924 F.3d 857
6th Cir.2019Background
- Dino Rotondo owned Apex Administrative Services (Apex), which in turn wholly owned four limited liability "Directional Entities." Rotondo sold the Directional Entities’ customer lists to AES in exchange for periodic payments labeled "Consulting Fees."
- Rotondo owed substantial debts: a judgment to Akouri Investments (from a loan secured by Apex assets) and $3.4 million in federal tax liabilities, for which the IRS filed tax liens.
- AES faced competing claims to the Consulting Fees from the IRS (tax liens) and Akouri (secured judgment) and filed an interpleader; the case was removed to federal court.
- AES argued it could deduct litigation costs and attorneys’ fees from the Consulting Fees under (1) the Consulting Agreement’s "direct expenses" deduction and (2) provisions (indemnification and offset) in the Asset Purchase Agreement.
- The district court held AES must pay the full Consulting Fees; it granted summary judgment to the United States (IRS) on priority.

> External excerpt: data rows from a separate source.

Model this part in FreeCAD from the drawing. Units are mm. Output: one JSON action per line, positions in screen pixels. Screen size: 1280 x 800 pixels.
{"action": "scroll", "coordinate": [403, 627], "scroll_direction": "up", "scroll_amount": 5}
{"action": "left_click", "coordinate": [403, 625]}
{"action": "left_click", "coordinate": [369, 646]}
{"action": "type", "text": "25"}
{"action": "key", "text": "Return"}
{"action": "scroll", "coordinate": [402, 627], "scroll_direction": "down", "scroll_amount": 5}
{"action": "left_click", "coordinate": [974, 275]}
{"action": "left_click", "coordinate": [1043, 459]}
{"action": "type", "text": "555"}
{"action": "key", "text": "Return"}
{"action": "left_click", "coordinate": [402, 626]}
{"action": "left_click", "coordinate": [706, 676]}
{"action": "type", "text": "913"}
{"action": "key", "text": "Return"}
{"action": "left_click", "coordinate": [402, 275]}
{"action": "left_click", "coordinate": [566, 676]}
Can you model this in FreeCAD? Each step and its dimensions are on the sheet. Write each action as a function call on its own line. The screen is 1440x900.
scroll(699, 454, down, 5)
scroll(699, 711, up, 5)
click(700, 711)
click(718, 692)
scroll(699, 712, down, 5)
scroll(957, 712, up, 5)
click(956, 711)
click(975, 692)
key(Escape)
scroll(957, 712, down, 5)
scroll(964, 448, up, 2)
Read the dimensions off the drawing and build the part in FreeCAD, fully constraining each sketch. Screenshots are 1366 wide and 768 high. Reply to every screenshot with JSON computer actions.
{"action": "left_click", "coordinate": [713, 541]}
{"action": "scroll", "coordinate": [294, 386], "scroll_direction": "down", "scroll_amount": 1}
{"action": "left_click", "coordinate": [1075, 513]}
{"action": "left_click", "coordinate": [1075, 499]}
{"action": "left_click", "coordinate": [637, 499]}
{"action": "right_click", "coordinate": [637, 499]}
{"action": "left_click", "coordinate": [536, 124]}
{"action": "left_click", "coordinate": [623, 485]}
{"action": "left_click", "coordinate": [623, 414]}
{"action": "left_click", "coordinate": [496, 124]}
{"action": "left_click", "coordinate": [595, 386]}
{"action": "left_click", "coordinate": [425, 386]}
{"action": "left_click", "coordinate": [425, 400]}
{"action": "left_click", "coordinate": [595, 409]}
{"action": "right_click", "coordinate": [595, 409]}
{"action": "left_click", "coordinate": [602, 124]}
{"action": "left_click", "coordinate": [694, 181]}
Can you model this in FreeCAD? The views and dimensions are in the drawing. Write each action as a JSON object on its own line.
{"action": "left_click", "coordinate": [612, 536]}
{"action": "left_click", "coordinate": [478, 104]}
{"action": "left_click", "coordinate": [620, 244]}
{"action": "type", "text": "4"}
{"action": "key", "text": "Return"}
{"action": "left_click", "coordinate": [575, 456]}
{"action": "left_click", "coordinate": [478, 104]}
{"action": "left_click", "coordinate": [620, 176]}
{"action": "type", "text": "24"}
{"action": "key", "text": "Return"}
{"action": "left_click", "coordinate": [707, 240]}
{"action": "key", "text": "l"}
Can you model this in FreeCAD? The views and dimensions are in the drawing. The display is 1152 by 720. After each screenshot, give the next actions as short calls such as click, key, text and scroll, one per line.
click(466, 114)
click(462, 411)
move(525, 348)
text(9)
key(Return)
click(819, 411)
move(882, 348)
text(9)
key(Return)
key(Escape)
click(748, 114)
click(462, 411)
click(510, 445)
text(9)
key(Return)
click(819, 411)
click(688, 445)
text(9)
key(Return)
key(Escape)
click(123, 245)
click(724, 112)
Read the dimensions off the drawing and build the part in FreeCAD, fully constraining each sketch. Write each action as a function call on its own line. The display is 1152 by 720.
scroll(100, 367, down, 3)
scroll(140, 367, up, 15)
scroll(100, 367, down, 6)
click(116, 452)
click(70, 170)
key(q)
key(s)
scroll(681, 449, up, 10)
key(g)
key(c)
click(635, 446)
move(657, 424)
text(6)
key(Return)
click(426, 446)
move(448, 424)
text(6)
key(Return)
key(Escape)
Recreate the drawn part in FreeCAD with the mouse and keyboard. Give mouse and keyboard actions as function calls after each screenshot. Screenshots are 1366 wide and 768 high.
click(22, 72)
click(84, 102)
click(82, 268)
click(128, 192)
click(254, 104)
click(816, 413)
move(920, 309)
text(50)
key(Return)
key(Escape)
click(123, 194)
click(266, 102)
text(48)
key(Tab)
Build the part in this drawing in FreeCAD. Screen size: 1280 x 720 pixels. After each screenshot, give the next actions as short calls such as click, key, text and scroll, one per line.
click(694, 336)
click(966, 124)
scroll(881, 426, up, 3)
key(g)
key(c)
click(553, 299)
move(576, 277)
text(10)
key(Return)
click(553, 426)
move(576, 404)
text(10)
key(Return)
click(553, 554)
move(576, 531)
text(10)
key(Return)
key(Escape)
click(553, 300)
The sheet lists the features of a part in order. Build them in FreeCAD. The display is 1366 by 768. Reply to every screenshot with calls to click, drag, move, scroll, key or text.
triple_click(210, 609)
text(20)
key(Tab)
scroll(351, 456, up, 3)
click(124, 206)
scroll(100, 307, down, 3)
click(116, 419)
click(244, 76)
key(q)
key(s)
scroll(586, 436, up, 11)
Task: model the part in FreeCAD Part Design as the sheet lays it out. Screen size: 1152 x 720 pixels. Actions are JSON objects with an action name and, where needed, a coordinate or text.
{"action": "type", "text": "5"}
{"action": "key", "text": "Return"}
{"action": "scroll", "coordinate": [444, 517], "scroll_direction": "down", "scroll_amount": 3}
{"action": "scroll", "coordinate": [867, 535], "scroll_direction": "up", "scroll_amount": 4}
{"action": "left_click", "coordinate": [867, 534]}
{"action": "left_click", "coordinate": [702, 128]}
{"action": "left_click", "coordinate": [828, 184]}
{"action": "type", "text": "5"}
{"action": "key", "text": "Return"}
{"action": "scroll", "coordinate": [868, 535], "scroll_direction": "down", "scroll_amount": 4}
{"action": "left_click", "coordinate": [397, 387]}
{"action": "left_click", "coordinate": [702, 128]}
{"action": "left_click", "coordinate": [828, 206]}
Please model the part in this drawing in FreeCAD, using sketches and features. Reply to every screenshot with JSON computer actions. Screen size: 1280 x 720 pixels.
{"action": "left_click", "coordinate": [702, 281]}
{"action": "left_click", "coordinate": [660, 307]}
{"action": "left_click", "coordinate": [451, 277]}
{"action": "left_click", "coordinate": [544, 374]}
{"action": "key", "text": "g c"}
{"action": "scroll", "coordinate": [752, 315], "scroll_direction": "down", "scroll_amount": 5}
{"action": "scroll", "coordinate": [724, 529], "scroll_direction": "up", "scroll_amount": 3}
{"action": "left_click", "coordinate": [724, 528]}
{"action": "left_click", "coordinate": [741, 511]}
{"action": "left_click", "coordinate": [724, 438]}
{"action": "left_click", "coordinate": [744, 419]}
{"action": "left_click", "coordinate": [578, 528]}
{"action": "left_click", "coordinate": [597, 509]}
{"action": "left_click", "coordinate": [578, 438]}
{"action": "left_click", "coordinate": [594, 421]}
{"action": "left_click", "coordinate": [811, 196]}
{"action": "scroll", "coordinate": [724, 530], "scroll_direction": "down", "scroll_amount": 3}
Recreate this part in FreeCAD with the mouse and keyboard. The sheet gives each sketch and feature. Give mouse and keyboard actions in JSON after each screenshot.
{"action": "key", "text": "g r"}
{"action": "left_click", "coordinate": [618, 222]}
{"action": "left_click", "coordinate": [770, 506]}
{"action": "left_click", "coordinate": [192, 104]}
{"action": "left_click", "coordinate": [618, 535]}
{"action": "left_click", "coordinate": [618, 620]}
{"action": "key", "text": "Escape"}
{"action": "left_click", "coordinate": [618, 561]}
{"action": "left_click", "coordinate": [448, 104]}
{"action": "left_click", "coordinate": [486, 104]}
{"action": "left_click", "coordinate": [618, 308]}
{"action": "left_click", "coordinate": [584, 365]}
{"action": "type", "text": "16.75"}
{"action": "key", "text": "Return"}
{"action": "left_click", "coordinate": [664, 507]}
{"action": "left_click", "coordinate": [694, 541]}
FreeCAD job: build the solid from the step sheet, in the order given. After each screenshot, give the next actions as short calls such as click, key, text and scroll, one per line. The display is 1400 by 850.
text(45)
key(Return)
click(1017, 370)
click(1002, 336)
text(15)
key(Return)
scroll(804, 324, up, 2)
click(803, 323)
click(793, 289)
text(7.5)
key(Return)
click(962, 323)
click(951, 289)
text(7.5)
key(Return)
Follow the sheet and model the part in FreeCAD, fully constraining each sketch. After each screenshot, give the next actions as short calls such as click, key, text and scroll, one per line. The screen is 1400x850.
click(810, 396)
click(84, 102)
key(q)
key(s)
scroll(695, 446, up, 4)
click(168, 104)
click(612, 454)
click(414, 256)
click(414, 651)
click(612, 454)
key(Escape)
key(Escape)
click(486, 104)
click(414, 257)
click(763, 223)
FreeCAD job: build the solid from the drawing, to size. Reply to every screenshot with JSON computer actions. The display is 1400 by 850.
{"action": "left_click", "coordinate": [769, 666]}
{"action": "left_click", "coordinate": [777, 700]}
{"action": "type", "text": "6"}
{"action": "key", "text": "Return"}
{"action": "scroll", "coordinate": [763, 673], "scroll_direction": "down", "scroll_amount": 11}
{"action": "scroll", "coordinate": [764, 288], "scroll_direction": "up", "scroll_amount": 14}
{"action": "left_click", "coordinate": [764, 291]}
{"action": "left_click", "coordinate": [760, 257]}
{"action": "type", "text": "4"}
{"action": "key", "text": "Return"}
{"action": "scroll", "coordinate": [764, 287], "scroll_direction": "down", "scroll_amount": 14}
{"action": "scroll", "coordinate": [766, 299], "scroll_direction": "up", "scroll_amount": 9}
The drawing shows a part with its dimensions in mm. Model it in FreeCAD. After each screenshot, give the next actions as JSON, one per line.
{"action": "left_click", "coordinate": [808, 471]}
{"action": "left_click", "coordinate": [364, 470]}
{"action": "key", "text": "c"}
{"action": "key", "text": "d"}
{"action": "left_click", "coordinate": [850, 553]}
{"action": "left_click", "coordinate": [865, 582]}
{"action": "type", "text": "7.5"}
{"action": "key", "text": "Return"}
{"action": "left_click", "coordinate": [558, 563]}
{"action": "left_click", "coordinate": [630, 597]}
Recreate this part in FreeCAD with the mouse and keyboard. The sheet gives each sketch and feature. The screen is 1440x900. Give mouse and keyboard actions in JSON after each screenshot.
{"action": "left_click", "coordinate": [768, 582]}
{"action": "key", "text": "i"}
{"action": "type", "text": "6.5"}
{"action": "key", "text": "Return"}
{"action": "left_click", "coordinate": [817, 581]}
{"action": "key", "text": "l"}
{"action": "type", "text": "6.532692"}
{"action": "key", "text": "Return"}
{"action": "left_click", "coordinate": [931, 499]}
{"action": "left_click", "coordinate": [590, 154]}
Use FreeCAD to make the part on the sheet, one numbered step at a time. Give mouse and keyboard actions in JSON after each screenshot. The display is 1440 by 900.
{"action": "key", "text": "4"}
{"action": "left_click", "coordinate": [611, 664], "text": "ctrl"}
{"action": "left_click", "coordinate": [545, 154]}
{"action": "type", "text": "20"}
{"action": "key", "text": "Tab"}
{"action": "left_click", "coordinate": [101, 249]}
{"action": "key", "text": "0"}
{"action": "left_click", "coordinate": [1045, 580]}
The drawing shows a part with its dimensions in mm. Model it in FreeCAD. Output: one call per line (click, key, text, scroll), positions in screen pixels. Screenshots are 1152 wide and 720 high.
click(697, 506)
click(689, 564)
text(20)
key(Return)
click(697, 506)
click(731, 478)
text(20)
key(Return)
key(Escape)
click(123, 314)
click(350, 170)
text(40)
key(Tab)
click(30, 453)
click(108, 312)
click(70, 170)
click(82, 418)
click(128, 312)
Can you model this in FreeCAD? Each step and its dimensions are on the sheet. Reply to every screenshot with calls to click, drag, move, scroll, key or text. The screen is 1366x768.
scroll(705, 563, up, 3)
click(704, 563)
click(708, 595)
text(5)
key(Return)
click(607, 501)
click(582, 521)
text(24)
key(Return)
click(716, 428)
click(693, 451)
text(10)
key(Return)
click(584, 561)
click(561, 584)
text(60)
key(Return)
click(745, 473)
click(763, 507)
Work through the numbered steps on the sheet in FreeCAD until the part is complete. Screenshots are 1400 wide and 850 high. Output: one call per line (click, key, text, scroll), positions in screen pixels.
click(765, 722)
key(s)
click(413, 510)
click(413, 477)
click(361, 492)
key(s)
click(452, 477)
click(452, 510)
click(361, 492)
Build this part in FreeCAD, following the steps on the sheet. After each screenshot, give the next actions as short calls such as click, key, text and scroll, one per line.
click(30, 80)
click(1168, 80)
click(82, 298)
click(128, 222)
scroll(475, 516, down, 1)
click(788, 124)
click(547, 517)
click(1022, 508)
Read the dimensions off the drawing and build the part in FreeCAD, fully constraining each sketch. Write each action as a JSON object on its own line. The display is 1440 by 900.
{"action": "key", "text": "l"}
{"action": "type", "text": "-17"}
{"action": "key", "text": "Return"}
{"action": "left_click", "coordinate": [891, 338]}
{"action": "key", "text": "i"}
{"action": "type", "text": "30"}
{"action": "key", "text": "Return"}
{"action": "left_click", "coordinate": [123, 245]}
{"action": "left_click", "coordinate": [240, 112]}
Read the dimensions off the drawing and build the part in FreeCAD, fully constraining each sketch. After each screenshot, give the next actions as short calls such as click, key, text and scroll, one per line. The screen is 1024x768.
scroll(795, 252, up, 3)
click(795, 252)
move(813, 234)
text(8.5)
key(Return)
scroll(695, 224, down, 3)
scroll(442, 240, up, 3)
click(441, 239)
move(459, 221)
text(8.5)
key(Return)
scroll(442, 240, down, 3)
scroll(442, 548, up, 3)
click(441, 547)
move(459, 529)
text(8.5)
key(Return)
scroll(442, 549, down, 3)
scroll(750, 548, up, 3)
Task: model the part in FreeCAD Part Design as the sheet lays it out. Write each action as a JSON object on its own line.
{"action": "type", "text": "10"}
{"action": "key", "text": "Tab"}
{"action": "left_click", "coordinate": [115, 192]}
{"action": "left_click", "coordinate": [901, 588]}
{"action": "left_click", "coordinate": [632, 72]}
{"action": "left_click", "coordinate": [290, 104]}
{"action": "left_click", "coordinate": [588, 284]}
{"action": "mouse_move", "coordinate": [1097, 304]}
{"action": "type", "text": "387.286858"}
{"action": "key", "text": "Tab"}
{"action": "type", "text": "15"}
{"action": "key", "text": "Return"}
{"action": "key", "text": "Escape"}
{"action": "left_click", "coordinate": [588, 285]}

Akouri appealed multiple rulings.
Issues
| Issue | Plaintiff's Argument | Defendant's Argument | Held |
|---|---|---|---|
| Whether AES may deduct litigation costs from Consulting Fees under the Consulting Agreement | AES: "direct expenses attributable to the employees leased under [a client’s] account" includes litigation costs and thus reduces gross profits used to compute fees | IRS/Akouri: "direct expenses" are attributable to clients' employees; litigation here is not produced by those employees, so not deductible | Court: No — phrase construed in context; litigation costs are not "attributable" to clients’ employees, so AES may not deduct them |
| Whether AES may deduct costs under the Asset Purchase Agreement (Indemnification/Offset) | AES: Indemnification and the Offset Provision let AES offset litigation costs and attorneys' fees against sums owed to Rotondo | IRS/Akouri: Indemnification requires an AES demand before Rotondo is obligated; Offset applies only to indemnified obligations and so is not triggered absent demand | Court: No — indemnification requires a demand; Offset refers to those indemnified obligations and is not operative without a demand |
| Which has priority: IRS tax liens or Akouri’s security interest/judgment | Akouri: Its security interest in Apex (or in Apex via treating Directional Entities as alter egos) gives it priority over the IRS | IRS: Federal tax liens filed earlier have priority under "first in time" rule; Akouri’s judgment and any alter-ego judicial determination came later | Court: IRS prevails — its notices of lien predate Akouri’s judgment; Akouri’s alter-ego theory would require later judicial piercing and thus is inchoate and cannot defeat the earlier tax lien |
| Whether the district court abused discretion by denying supplemental briefing and by declining supplemental jurisdiction over Akouri’s state-law fraudulent-transfer claim | Akouri: New deposition evidence from state-court discovery should be considered; court should retain supplemental jurisdiction over the state-law claim | United States/AES: Akouri had opportunity to obtain discovery during federal proceedings; its state claim is in early procedural stage and dismissal is appropriate once federal claims are resolved | Court: No abuse — denial of late supplemental briefing was reasonable (forfeiture/ docket control); declining supplemental jurisdiction over the undeveloped state-law claim was proper |
Key Cases Cited
- Royal Ins. Co. of Am. v. Orient Overseas Container Line Ltd., 525 F.3d 409 (6th Cir. 2008) (de novo review of contract interpretation)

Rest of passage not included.